Wedding Gown History Profile: Priscilla Kidder
Priscilla Kidder opened her business in 1945 in a small townhouse in Boston. The first week, she had sales of $10,000; all in wedding gowns! In an era when the average wedding gown cost $35, this is amazing.
Born Priscilla Comins in Quincy, Massachusetts in 1918, she learned to sew at a young age from her mother. She designed and sewed doll clothes as a girl and opened her own yarn shop (a girl after my own heart!) after graduating from the local high school. She then went on to study at the New England School of Design and took a job at the R.H. White department store, working her way from model to sales associate to assistant buyer in the bridal department.
Her first shop, opened with the help and support of her husband James was called “The Bride’s Shop”; her sister Natalie was her design partner. Priscilla was truly invested in the family business model and stayed involved in all aspects of the business until she sold it to Priscilla Kaneb in 1993.
I first became interested in learning more about Priscilla and her Priscilla of Boston line when I found a beautiful - but in poor condition - PoB gown from the 1960s for sale online. This was at the beginning of my gown restoration career and the gown was cheap, so I bought it as a learning piece. The gown was nearly orange and brown when I received it, but whitened beautifully and turned out to be a spectacular piece. I later sold it to a bride who wore it for her wedding, 50 years after it was made.
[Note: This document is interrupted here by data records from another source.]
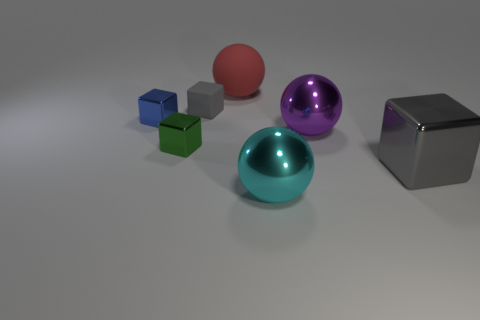Add 2 gray rubber cubes. How many objects exist? 9 Subtract all tiny blocks. How many blocks are left? 1 Subtract all cyan balls. How many balls are left? 2 Subtract 0 red cubes. How many objects are left? 7 Subtract all spheres. How many objects are left? 4 Subtract 2 spheres. How many spheres are left? 1 Subtract all green cubes. Subtract all red balls. How many cubes are left? 3 Subtract all brown blocks. How many red spheres are left? 1 Subtract all purple matte cubes. Subtract all matte cubes. How many objects are left? 6 Add 7 small green metallic blocks. How many small green metallic blocks are left? 8 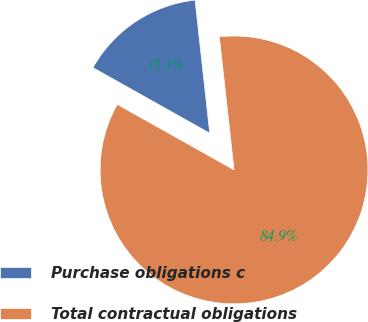<chart> <loc_0><loc_0><loc_500><loc_500><pie_chart><fcel>Purchase obligations c<fcel>Total contractual obligations<nl><fcel>15.11%<fcel>84.89%<nl></chart> 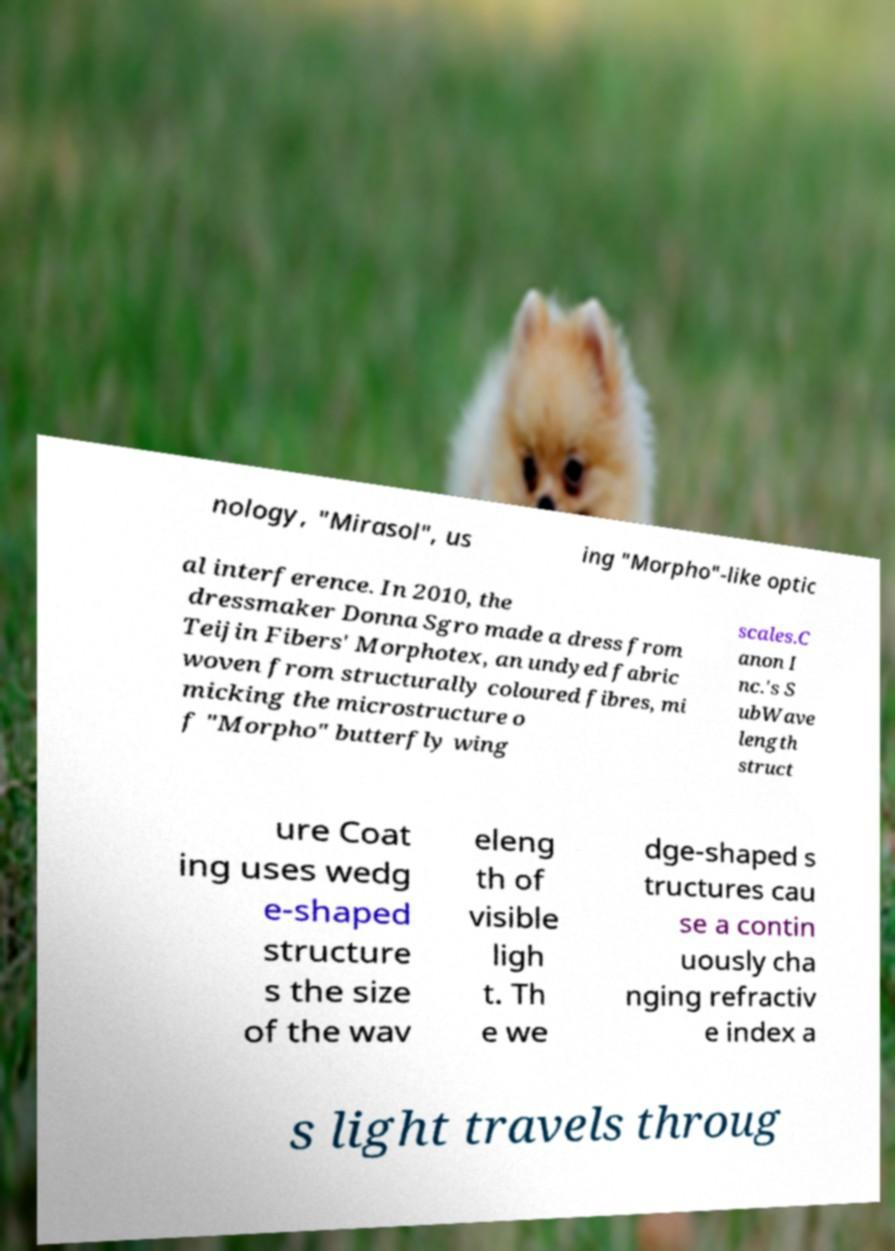Could you extract and type out the text from this image? nology, "Mirasol", us ing "Morpho"-like optic al interference. In 2010, the dressmaker Donna Sgro made a dress from Teijin Fibers' Morphotex, an undyed fabric woven from structurally coloured fibres, mi micking the microstructure o f "Morpho" butterfly wing scales.C anon I nc.'s S ubWave length struct ure Coat ing uses wedg e-shaped structure s the size of the wav eleng th of visible ligh t. Th e we dge-shaped s tructures cau se a contin uously cha nging refractiv e index a s light travels throug

My favorite Priscilla of Boston gown was the one that Priscilla herself designed for Tricia Nixon to wear when she married Edward C. Cox in 1971 in a White House wedding. The gown is a timeless and gracious silhouette with the most beautiful lace work and applique.
Other notables who wore Priscilla’s designs were Tricia’s sister Julie Nixon, Luci and Lynda Bird Johnson, and Barbara Eisenhower. She also designed the bridesmaid dresses for the wedding of Princess Grace of Monaco.
In my research on Priscilla, it became obvious that she was not afraid to speak her mind and share her opinions on wedding gown style and the industry. She did not enjoy it when the grooms would be part of the wedding gown shopping, she said they had “terrible taste”. She was certainly a traditionalist who thought gowns should be feminine and classic.
Priscilla was, however, one of the first to design a line of wedding gowns specifically for the second-time bride with shades of pink and blush. She was also one of the first to design for the petite bride; the line was first called “Teeny” and then changed to “Petite”.
Quality was important to her; she loved knowing that a gown would last for generations. In fact, she was in the business long enough to alter some of her own designs for the daughters of the original brides for whom the gowns were made.
My favorite quote from Priscilla herself about weddings? “You can't have a perfect wedding. The ones that do -- it's a bore.” Now those are words of comfort to brides, mothers, and all of us who work hard to make weddings nearly-perfect!